I have removed obstacles by making the file 'plain10.txt' which is a 5 by 5 gridworld surrounded by barriers. The agent randomly moves, and when it hits the goal location it resets.

#### Transition Model
action = int(action) #  10% chance of uniformly random action
if np.random.rand() <= 0.1:
    action = int(np.random.randint(0,4))
Note, due to action and actions being defined in other methods, I have just copied the code that I have added rather than making a self-contained operational script as an example.    
#### Reward Model
        self.reward = np.matrix('0 0 0 0 0 0 0;0 3.3 8.8 4.4 5.4 1.5 0;0 1.5 3.0 2.3 1.9 0.5 0;0 0.1 0.7 0.7 0.4 -0.4 0; 0 -1.0 -0.4 -0.4 -0.6 -1.2 0;0 -1.9 -1.3 -1.2 -1.4 -2.0 0;0 0 0 0 0 0 0') 
#### Initialization
Currently, initialization is established by reading a text file called 'plain10.txt' and this establishes whether or not a state is the starting state of the agent or target. I still need to code a workaround for this. Otherwise, this environment is done.

In [None]:
%matplotlib
import gym
import gym.spaces
import gym_gridworld
env = gym.make('gridworld-v0')
env.verbose = True
_ = env.reset()
_ = env.step(env.action_space.sample())
for _ in range(1000):
    env.render()
    env.step(env.action_space.sample()) # take a random action

### Output Commentary
It's inefficient, because it was built in a the space of a busy week.

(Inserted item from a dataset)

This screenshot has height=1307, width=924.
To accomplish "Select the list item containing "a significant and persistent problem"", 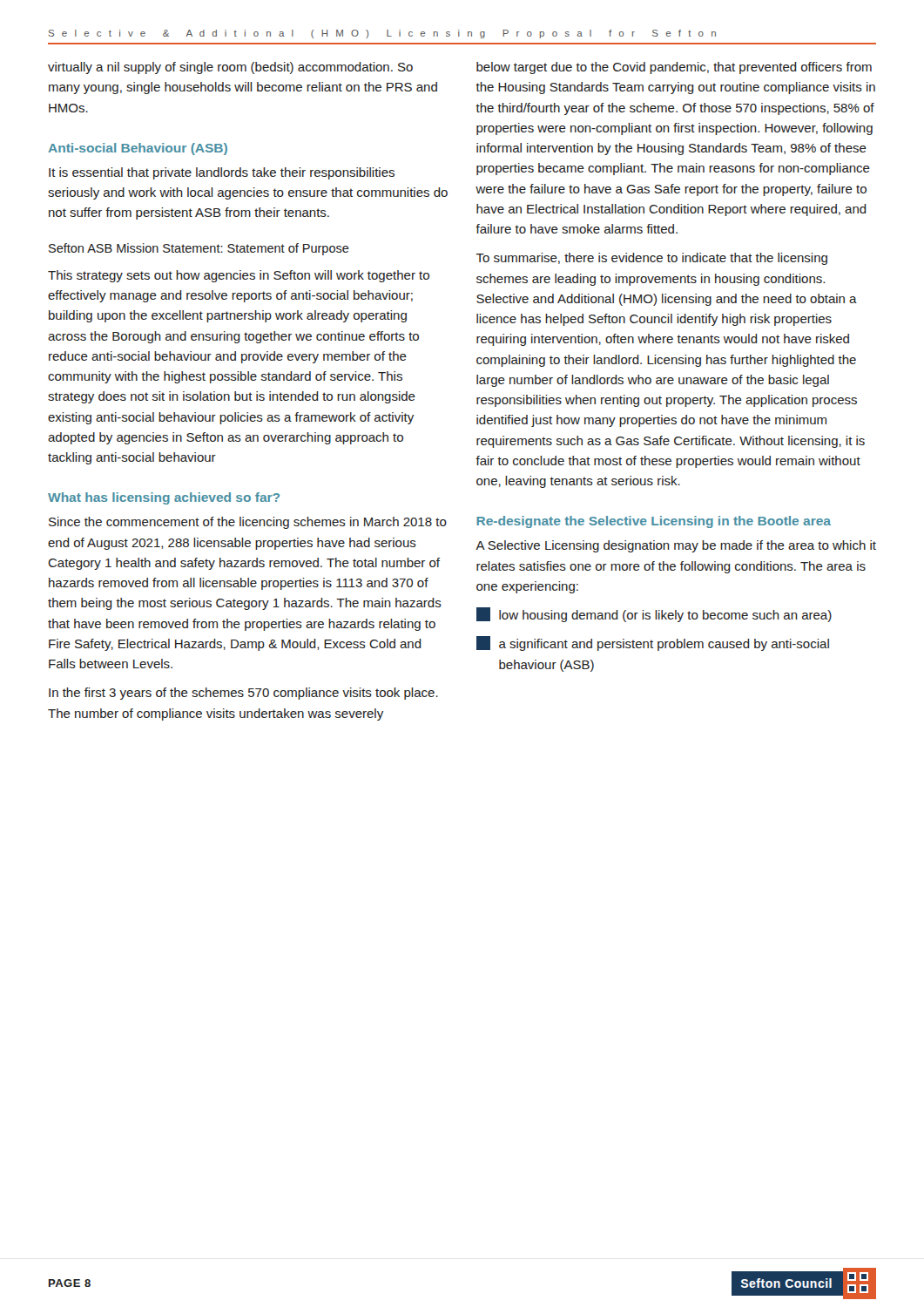I will pyautogui.click(x=676, y=654).
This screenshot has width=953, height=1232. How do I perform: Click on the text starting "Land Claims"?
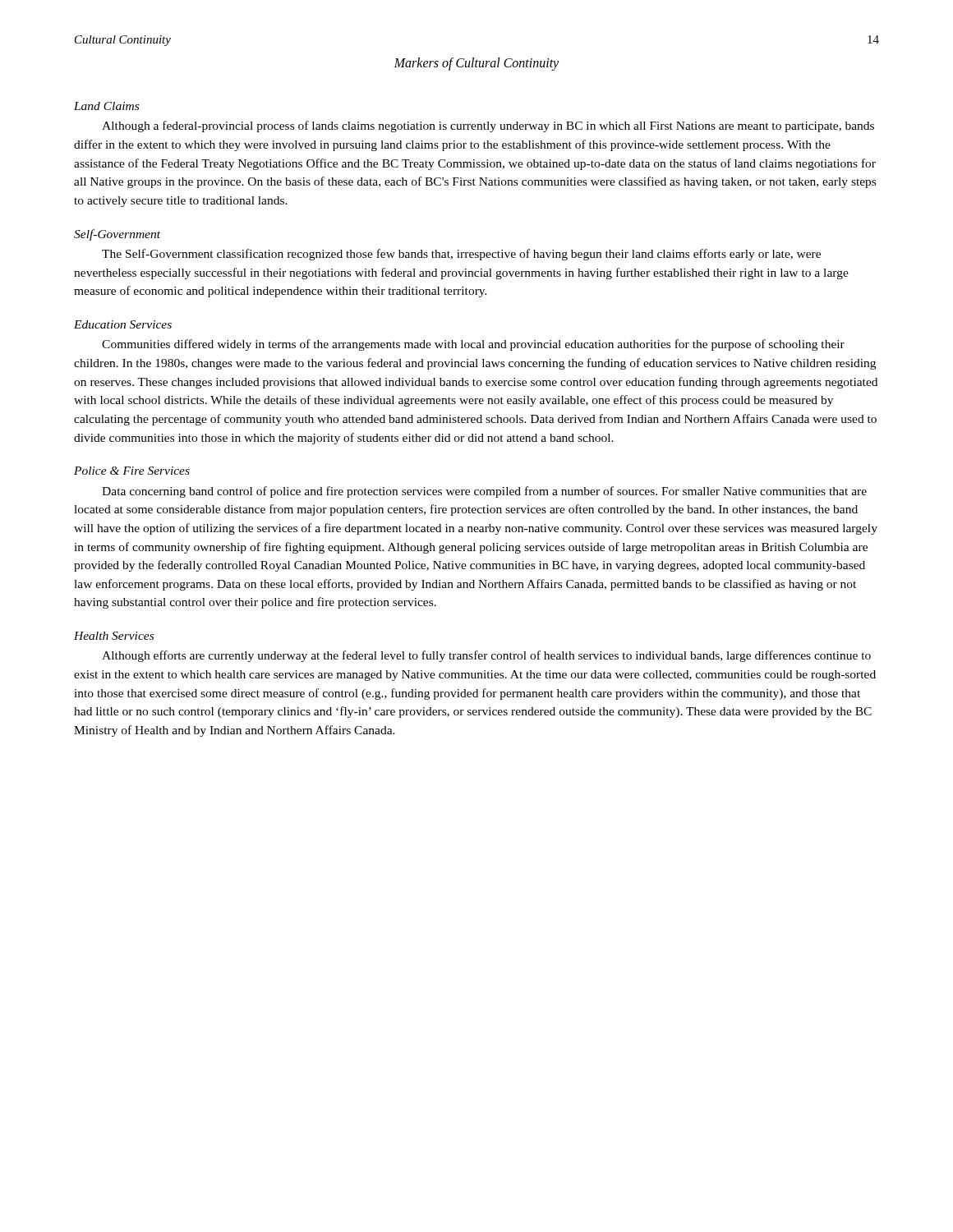(x=107, y=106)

# What I Was Supposed To Do

## 1) Gridworld
[Assignment instructions](https://github.com/compdyn/598rl/wiki/HW1#what-to-do) state to implement Example 3.5 from [Reinforcement Learning: An Introduction](http://incompleteideas.net/book/the-book-2nd.html).
### Assumptions Allowed/Required
* Agent is initialized in a uniformly random location in the gridworld for each trial (monte carlo?).

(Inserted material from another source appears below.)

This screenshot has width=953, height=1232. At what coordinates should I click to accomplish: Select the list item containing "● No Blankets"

## 2) Classic Control System
[Assignment instructions](https://github.com/compdyn/598rl/wiki/HW1#what-to-do) state to implement **acrobot**, and to reference equations of motion in Chapter 3 of [Underactuated Robotics.](http://underactuated.mit.edu/underactuated.html)

## 3) Custom Environment That Suits My Interest
Since there isn't much guidance in the [assignment instructions] (creativity mandates this)(https://github.com/compdyn/598rl/wiki/HW1#what-to-do), candidate ideas for this will be listed and discussed below.
### Modeling a Grid-World as a Series of Bandit Problems
Assumptions that are required include:
* the environment is stationary in terms of its statistics
* that the value function has to be bounded in order for policies like the Upper Confidence Bound 

Note that martingales may be used to model systems with limited stochasticity.

### Question for Reader(s)
Would such a formulation of the problem constitute a new environment? My preliminary thought is "no," but my optimism forces this to remain present on the assignment.